Completed successfully

If you go into postgres now, you can see that you have a new schema ('dbt_postgres'), a new table in that schema ('moby_dick'), and a bunch of stuff in that table:

> PGHOST=localhost PGUSER=root PGPASSWORD=password PGDATABASE=postgres psql
psql (10.4)
Type "help" for help.

postgres=# \dn
     List of schemas
     Name     |  Owner
--------------+----------
 dbt_postgres | root
 public       | postgres
(2 rows)

postgres=# \dt dbt_postgres.*
            List of relations
    Schema    |   Name    | Type  | Owner
--------------+-----------+-------+-------
 dbt_postgres | moby_dick | table | root
(1 row)

postgres=# select count(*) from dbt_postgres.moby_dick;
 count
-------
 17774
(1 row)

postgres=# \q

If you run dbt run now, you'll see something like this:

> dbt run
Found 2 models, 0 tests, 0 archives, 0 analyses, 59 macros, 1 operations, 1 seed files

10:19:41 | Concurrency: 2 threads (target='default')
10:19:41 |
10:19:41 | 1 of 2 START view model dbt_postgres.moby_dick_base.................. [RUN]
10:19:41 | 1 of 2 OK created view model dbt_postgres.moby_dick_base............. [CREATE VIEW in 0.05s]
10:19:41 | 2 of 2 START table model dbt_postgres.word_count..................... [RUN]
10:19:42 | 2 of 2 OK created table model dbt_postgres.word_count................ [SELECT 27390 in 0.19s]
10:19:42 |
10:19:42 | Finished running 1 view models, 1 table models in 0.53s.

Completed successfully

Done.
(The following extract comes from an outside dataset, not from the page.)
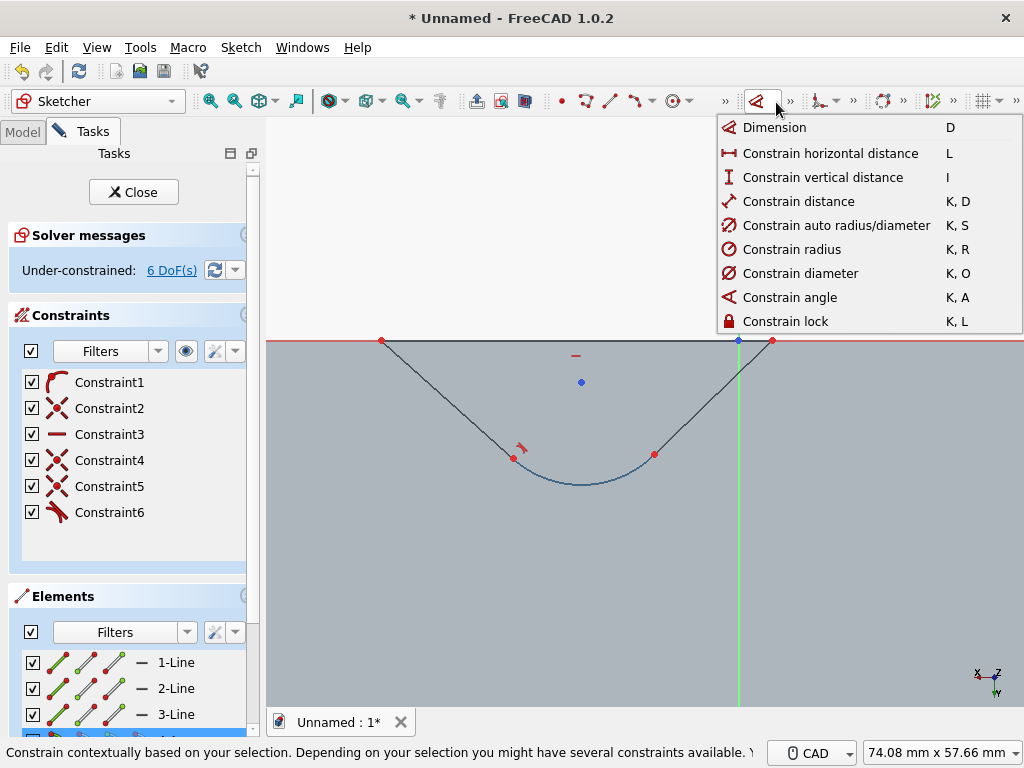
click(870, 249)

PASS=2 ERROR=0 SKIP=0 TOTAL=2

So, some of the same information and then you can see that dbt created a view (moby_dick_base) and a table (word_count). If you go into postgres, you'll be able to see that!
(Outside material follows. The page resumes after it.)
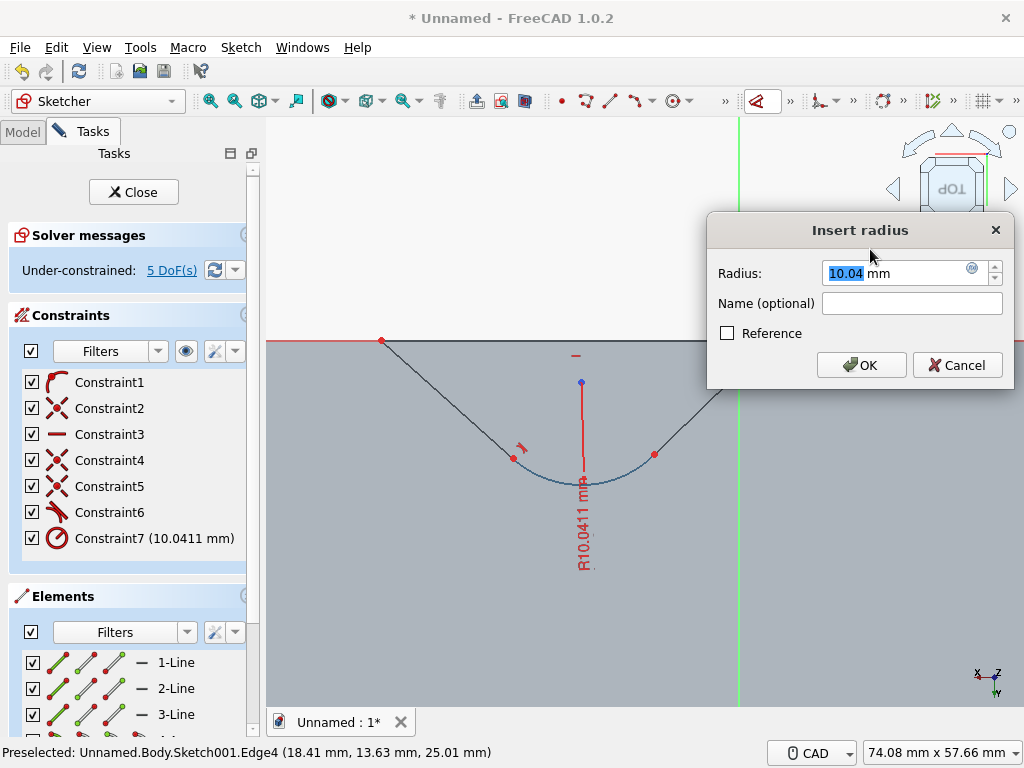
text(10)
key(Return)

If you want to inspect the result, you can do so via psql:

> PGHOST=localhost PGUSER=root PGPASSWORD=password PGDATABASE=postgres psql
psql (10.4)
Type "help" for help.

postgres=# \dt dbt_postgres.*
             List of relations
    Schema    |    Name    | Type  | Owner
--------------+------------+-------+-------
 dbt_postgres | moby_dick  | table | root
 dbt_postgres | word_count | table | root
(2 rows)

postgres=# select * from dbt_postgres.word_count order by ct desc limit 10;
 word |  ct
------+-------
 the  | 13394
      | 12077
 of   |  6368
 and  |  5846
 to   |  4382
 a    |  4377
 in   |  3767
 that |  2753
 his  |  2406
 I    |  1826
(10 rows)

It's pretty much what you'd expect - the most common words are "the", "of", "and", etc. (The empty string probably should not be there, but this is just a toy example!)

So what happened here? First, dbt seed loaded the data in the csv file into postgres. Then dbt compile built out a sort of plan for how everything is linked together by looking up references and macros and the current state of the database. And finally, dbt run ran the compiled SQL to generate the word_count table.